For an example and additional information on importing data objects, see "Identifying Data Sources and Importing Metadata".
For the metadata you imported, profile its corresponding data. (Optional)
Before continuing to the next step, consider using the data profiling option to ensure data quality as described in "Understanding Data Quality Management".
Data can only be transformed into actionable information when you are confident of its reliability. Before you load data into your target system, you must first understand the structure and the meaning of your data, and then assess the quality.
Consider using the data profiling option to better understand the quality of your source data. Next, correct the source data and establish a means to detect and correct errors that may arise in future loads. For more information, on data profiling and data quality, see "Understanding Data Quality Management".
Create and design the data objects for the Oracle target module.
In previous steps, you may have already imported existing target objects. For new target objects, design any of the dimensional or relational objects listed in Table 13-1.
To create data objects, you can either start the appropriate wizard or use the Data Object Editor. To use a wizard, right-click the node for the desired object and select New. After using a wizard, you may want to modify the object in the editor. In that case, right-click the object and select Open Editor.
For additional information, see "Designing the Target Schema".
As you design objects, be sure to frequently validate the design objects.
You can validate objects as you create them, or validate a group of objects together. In the Project Explorer, select one or more objects or modules, then click the Validate icon.
Examine the messages in the Validation Results window. Correct any errors and try validating again.
To redisplay the most recent validation results at a later time, select Validation Messages from the View menu.
For additional information, see "Validating Data Objects".
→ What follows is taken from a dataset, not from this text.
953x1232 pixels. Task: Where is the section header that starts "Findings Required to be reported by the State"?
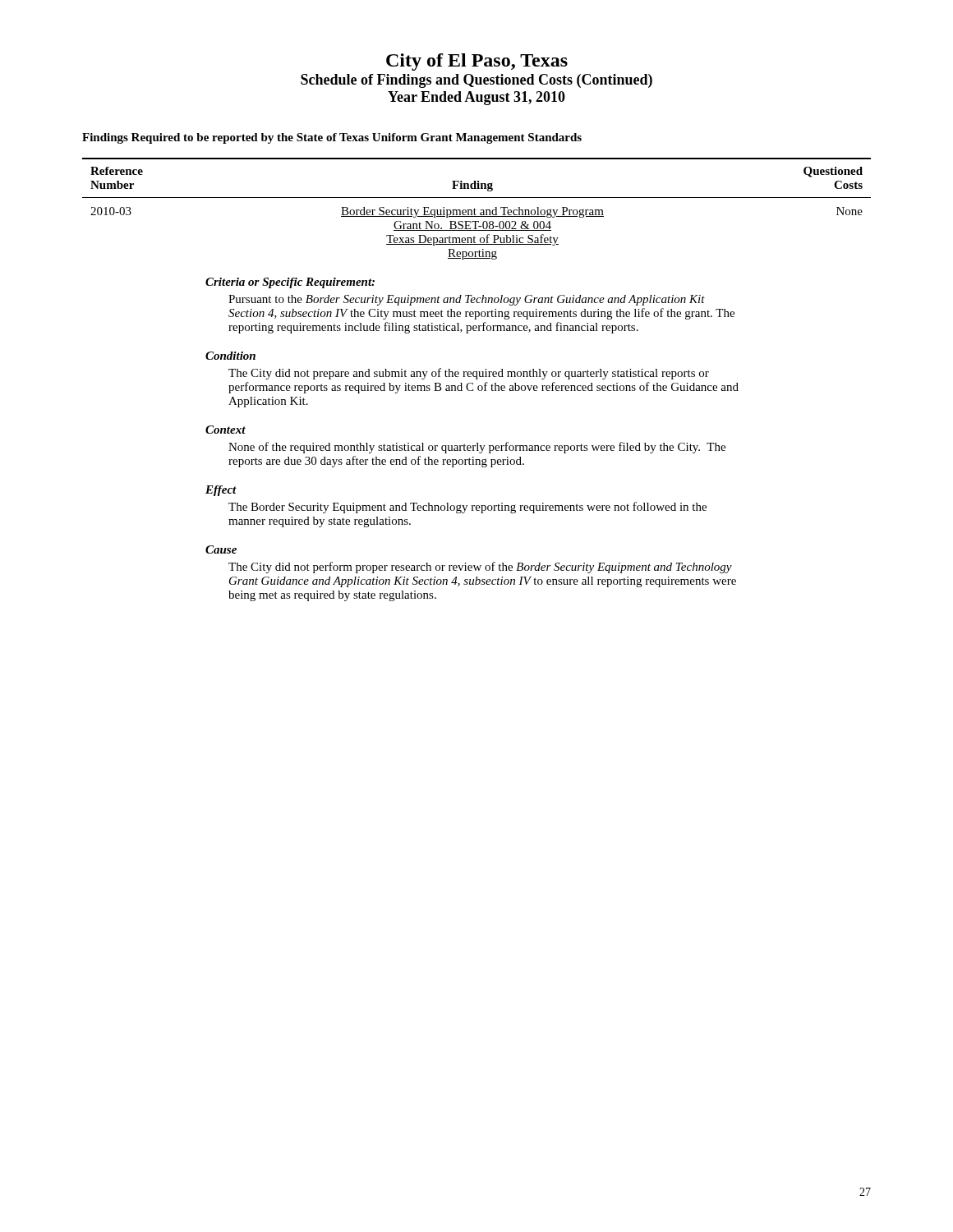pos(332,137)

Configure the data objects.
Configuring data objects sets the physical properties of the object. You must not generate and deploy data objects without specifying the physical property values.
When you create data objects, Warehouse Builder assigns default configuration property values based on the type of object. In most cases, these default values are appropriate. You can edit and modify the configuration property values of objects according to your requirement. For example, you configure a table to specify the name of the tablespace in which it is created.
To configure a data object, select the data object in the Project Explorer and click the Configure icon. Or right-click the data object in the Project Explorer and select Configure.
When satisfied with the design of the target objects, generate the code.
Generation produces a DDL or PL/SQL script to be used in subsequent steps to create the data objects in the target schema. For more information about generation, see "Generating Data Objects".
In the Data Object Editor, you can generate code for a single object by clicking the Generate icon.
In the Project Explorer, select one or more objects or modules, then click the Generate icon. Examine the messages in the Generation Results window. To redisplay the most recent generation results at a later time, select Generated Scripts from the View menu.
You can save the generated script as a file and optionally deploy it outside Warehouse Builder.
Design mappings that define the flow of data from a source to target objects.
In the Project Explorer, expand the Oracle target module, right-click the Mappings node and select New.
The Mapping Editor enables you to define the flow of data visually. You can drag-and-drop operators onto the canvas, and draw lines that connect the operators. Operators represent both data objects and functions such as filtering, aggregating, and so on.
Follow the Instructions for Defining Mappings, concluding with generating the code for the mapping.
To manage dependencies between mappings, see "Designing Process Flows".
Recall that deployment is the process of copying the relevant metadata and code you generated in the Design Center to a target schema. This step is necessary to enable the target schema to execute ETL logic such as mappings.
To deploy and execute, complete the following steps:
Deploy objects from either the Design Center or Control Center Manager.
In this step, you define the objects in the target schema. You need do this only once.
The simplest approach is to deploy directly from the Design Center by selecting an object and clicking the Deploy icon. In this case, Warehouse Builder deploys the objects with the default deployment settings.
Alternatively, if you want more control and feedback on how Warehouse Builder deploys objects, from the Design Center menu select Tools, then Control Center Manager.
Whether you deploy objects from the Design Center or the Control Center Manager, be sure to deploy all associated objects. For example, when deploying a mapping, also deploy the target data objects such as tables that you defined and any associated process flows or other mappings.
For more information, see "Deploying to Target Schemas and Executing ETL Logic".
Execute the ETL logic to populate the target warehouse.
In this step, you move data for the first time. Repeat this step each time you want to refresh the target with new data.
You have two options for executing the ETL logic in mappings and process flows. You can create and deploy a schedule as described in "Process for Defining and Using Schedules". Or you can execute jobs manually as described in "Starting ETL Jobs".
It is essential to ensure the quality of data entering your data warehouse over time. Data auditors enable you to monitor the quality of incoming data by validating incoming data against a set of data rules and determining if the data confirms to the business rules defined for your data warehouse. For more information about data auditors and data rules, see "Understanding Data Quality Management".
Although the Control Center Manager displays histories for both deployment and execution, the Repository Browser is the preferred interface for monitoring and reporting on Warehouse Builder operations. For more information, see "Auditing Deployments and Executions"